16.2. Stock Exchange Traded Shares. If the Shares are at the time listed or
admitted to trading on any stock exchange, then the fair market value shall be
the closing selling price of one Share on the date in question on the stock
exchange determined by the Board to be the primary market for the Shares, as
such price is officially quoted in the composite tape of transactions on such
exchange. If there is no reported sale of Shares on such exchange on the date in
question, then the fair market value shall be the closing selling price on the
exchange on the last preceding date for which such quotation exists.
16.3. Non-Traded Shares. If the Shares at the time are neither listed nor
admitted to trading on any stock exchange nor traded in the over-the-counter
market, then the fair market value shall be determined by the Board after taking
into account such factors as the Board shall deem appropriate, including one or
more independent professional appraisals.
17. Withholding Taxes. Notwithstanding anything else to the contrary in this
Agreement, the exercise of the Option shall be conditioned upon payment by
Optionee in cash, or other provisions satisfactory to the Board, of all local,
state, federal or other withholding taxes applicable, in the Board's judgment,
to the exercise or to later disposition of Shares acquired upon exercise of the
Option (including any repurchase of the Option or the Stock).

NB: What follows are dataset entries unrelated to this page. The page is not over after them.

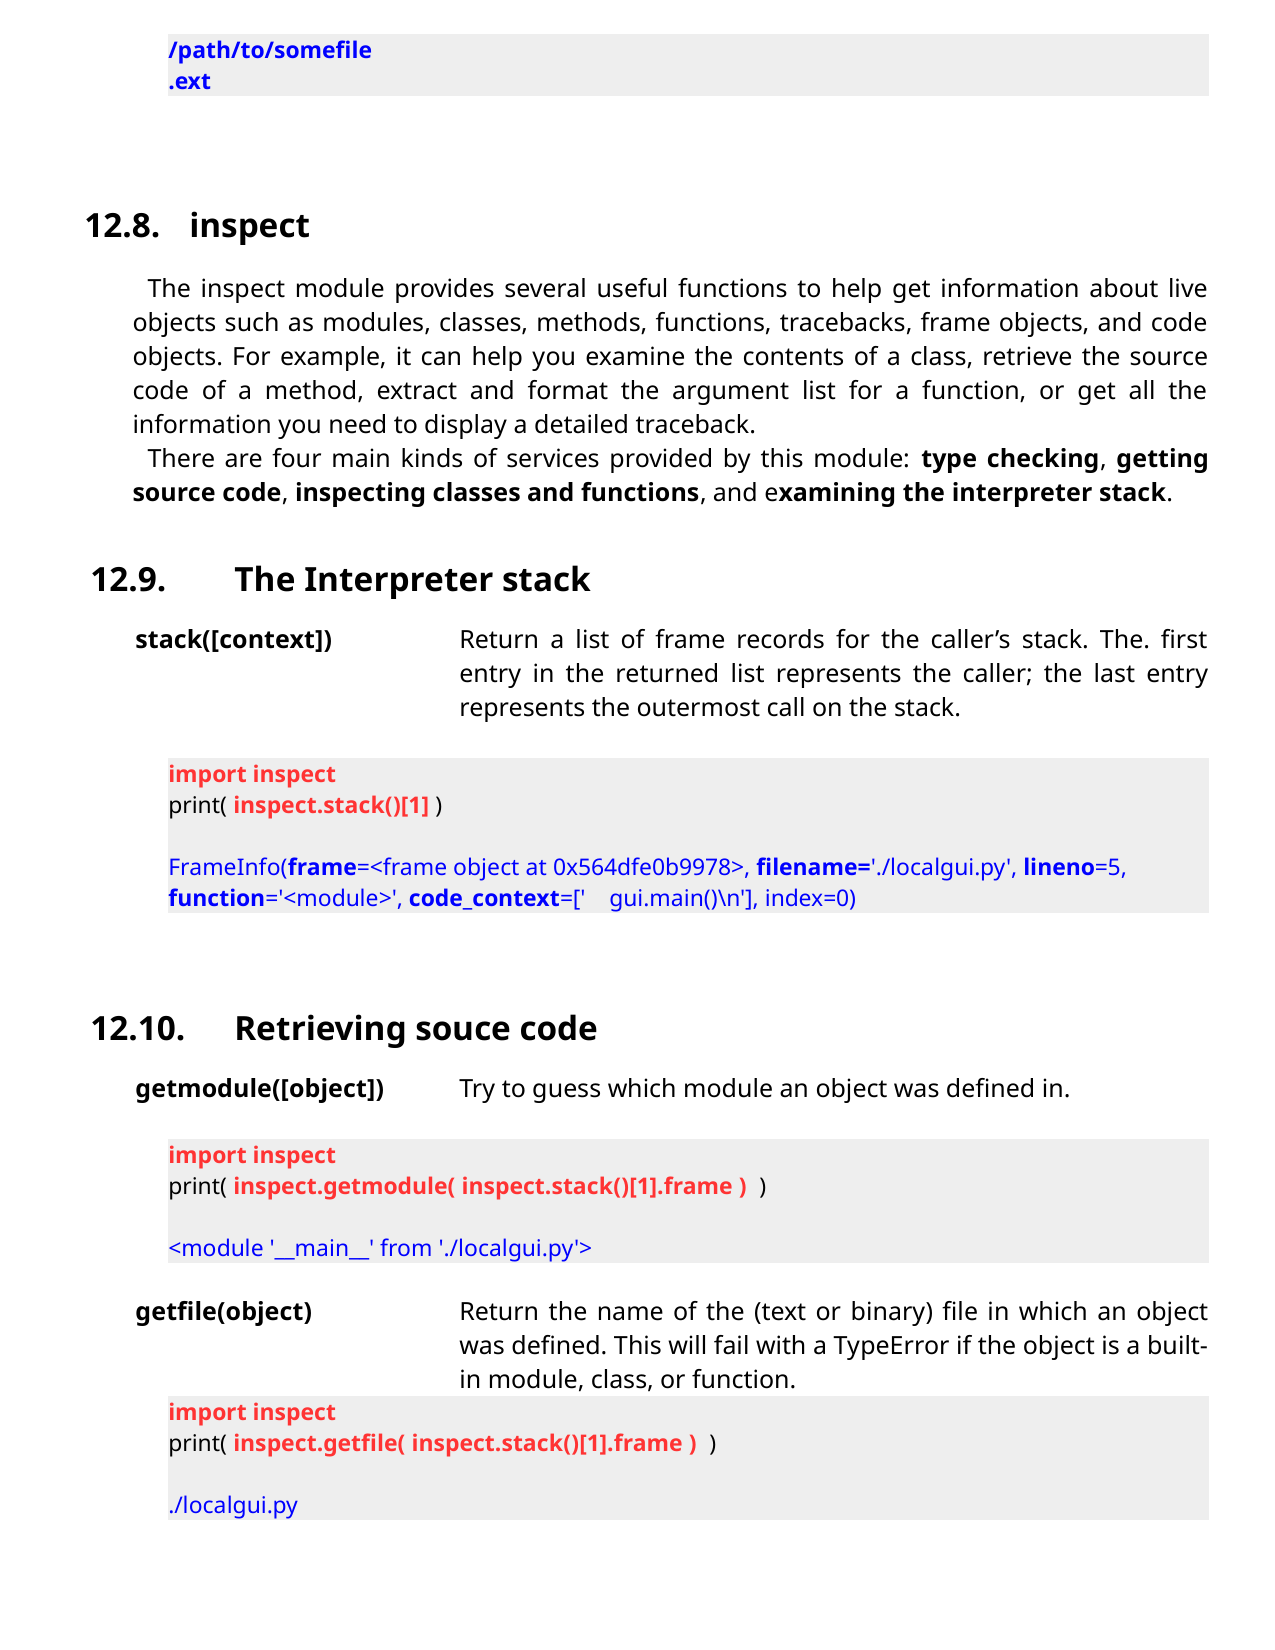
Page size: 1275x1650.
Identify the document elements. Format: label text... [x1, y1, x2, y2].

subtitle The Interpreter stack [90, 555, 1209, 601]
subtitle inspect [84, 201, 1209, 247]
text import inspect [168, 1396, 1209, 1427]
text FrameInfo(frame=<frame object at 0x564dfe0b9978>, filename='./localgui.py', lineno=5, function='<module>', code_context=[' gui.main()\n'], index=0) [168, 851, 1209, 913]
list stack([context]) Return a list of frame records for the caller’s stack. The. first entry in the returned list represents the caller; the last entry represents the outermost call on the stack. [135, 622, 1209, 724]
text print( inspect.getfile( inspect.stack()[1].frame ) ) [168, 1427, 1209, 1458]
text import inspect [168, 758, 1209, 789]
list getfile(object) Return the name of the (text or binary) file in which an object was defined. This will fail with a TypeError if the object is a built-in module, class, or function. [135, 1294, 1209, 1396]
subtitle Retrieving souce code [90, 1004, 1209, 1050]
text There are four main kinds of services provided by this module: type checking, getting source code, inspecting classes and functions, and examining the interpreter stack. [132, 441, 1209, 509]
text ./localgui.py [168, 1489, 1209, 1520]
text import inspect [168, 1139, 1209, 1170]
text print( inspect.stack()[1] ) [168, 789, 1209, 820]
list getmodule([object]) Try to guess which module an object was defined in. [135, 1071, 1209, 1105]
text .ext [168, 65, 1209, 96]
text /path/to/somefile [168, 34, 1209, 65]
text <module '__main__' from './localgui.py'> [168, 1232, 1209, 1263]
text The inspect module provides several useful functions to help get information about live objects such as modules, classes, methods, functions, tracebacks, frame objects, and code objects. For example, it can help you examine the contents of a class, retrieve the source code of a method, extract and format the argument list for a function, or get all the information you need to display a detailed traceback. [132, 271, 1209, 441]
text print( inspect.getmodule( inspect.stack()[1].frame ) ) [168, 1170, 1209, 1201]
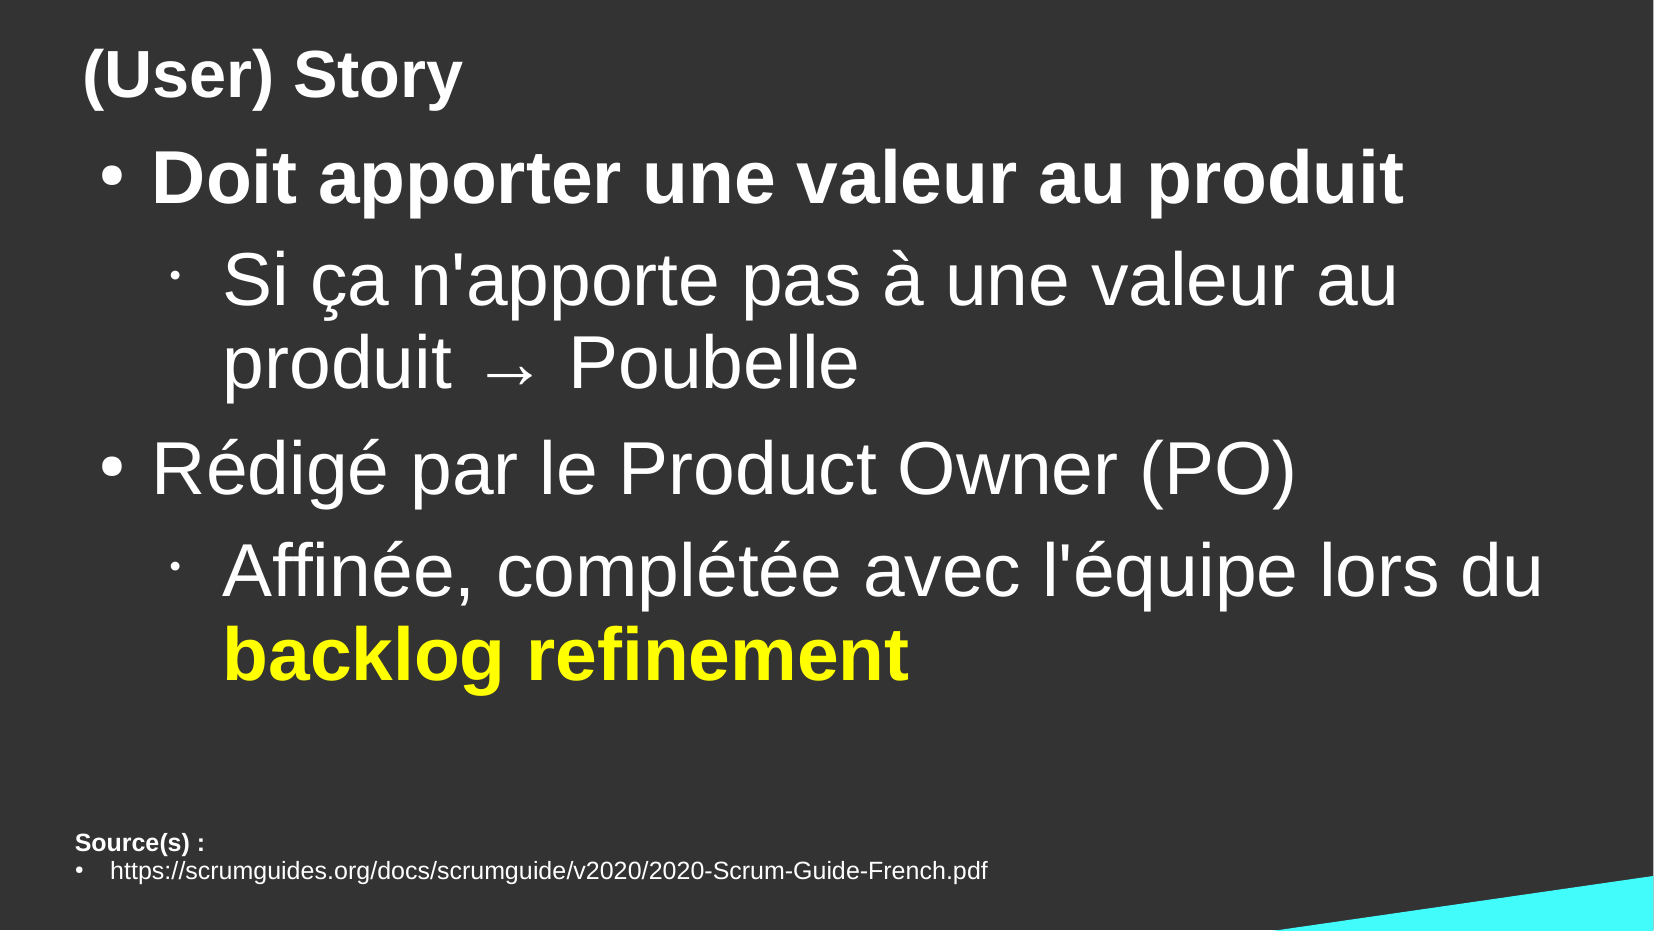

18. No Right of Employment. Neither the grant nor exercise of any portion of the
Option shall impose upon the Company or any other corporation any obligation to
employ or continue to employ Optionee; the right of the Company and any other
corporation to terminate Optionee shall not be diminished or affected as a
result of the Option.
19. Notices. Any notice to be given under the terms of this Agreement shall be
addressed to the Company in care of its Secretary at the principal office of the
Company, and any notice to be given to Optionee shall be addressed to Optionee
at the address given below; the parties may substitute for the foregoing such
other address(es) as either party may hereafter designate in writing to the
other.
20. Governing Law. This Agreement shall be governed by the laws of the State of
New Mexico as applied to contracts entered into among residents of New Mexico
and to be performed wholly within New Mexico.
21. Binding Effect. This Agreement shall be binding upon and inure to the
benefit of Optionee, his heirs and successors, and of Company, its successors
and assigns.
22. Descriptive Headings. Titles to sections and subsections are solely for
information purposes and shall not be construed in interpreting this Agreement.
IN WITNESS WHEREOF, this Agreement is entered into and effective as of the date
first above written.
THE COMPANY:
PROTALEX, INC., a New Mexico corporation
By:
Xxxxxx X. Xxxx, its President
OPTIONEE:
name
Address:
EXHIBIT "A"
(Optionee name)
Address: ____________________________
____________________________
Date: ____________________________
____________________________
Protalex, Inc.
_____________________
_____________________
_____________________
Ladies and Gentlemen:
I (the "Undersigned") hereby exercise my right to purchase _____________
shares ("Shares") of Common Shares of Protalex, Inc., a New Mexico corporation
("Company"), pursuant to, and in accordance with, that Non-Qualified Stock
Option Agreement ("Agreement") between the Undersigned and the Company dated
effective the ______________. As provided in the Agreement, I deliver herewith
the following amount as the purchase price for the Shares:
______________________________. Please deliver to me at my address as set forth
above stock certificates representing the Shares registered in the following
name(s): ______________________________. I further request that the certificates
be registered in the following form of ownership (for example, as individual
property, community property, separate property, etc.):
______________________________.
The representations made by the Undersigned in the Agreement remain
accurate in all respects as of the date of this notice, and the Undersigned is
not aware of any breach of such representations or any breach of the covenants
or other provisions of the Agreement.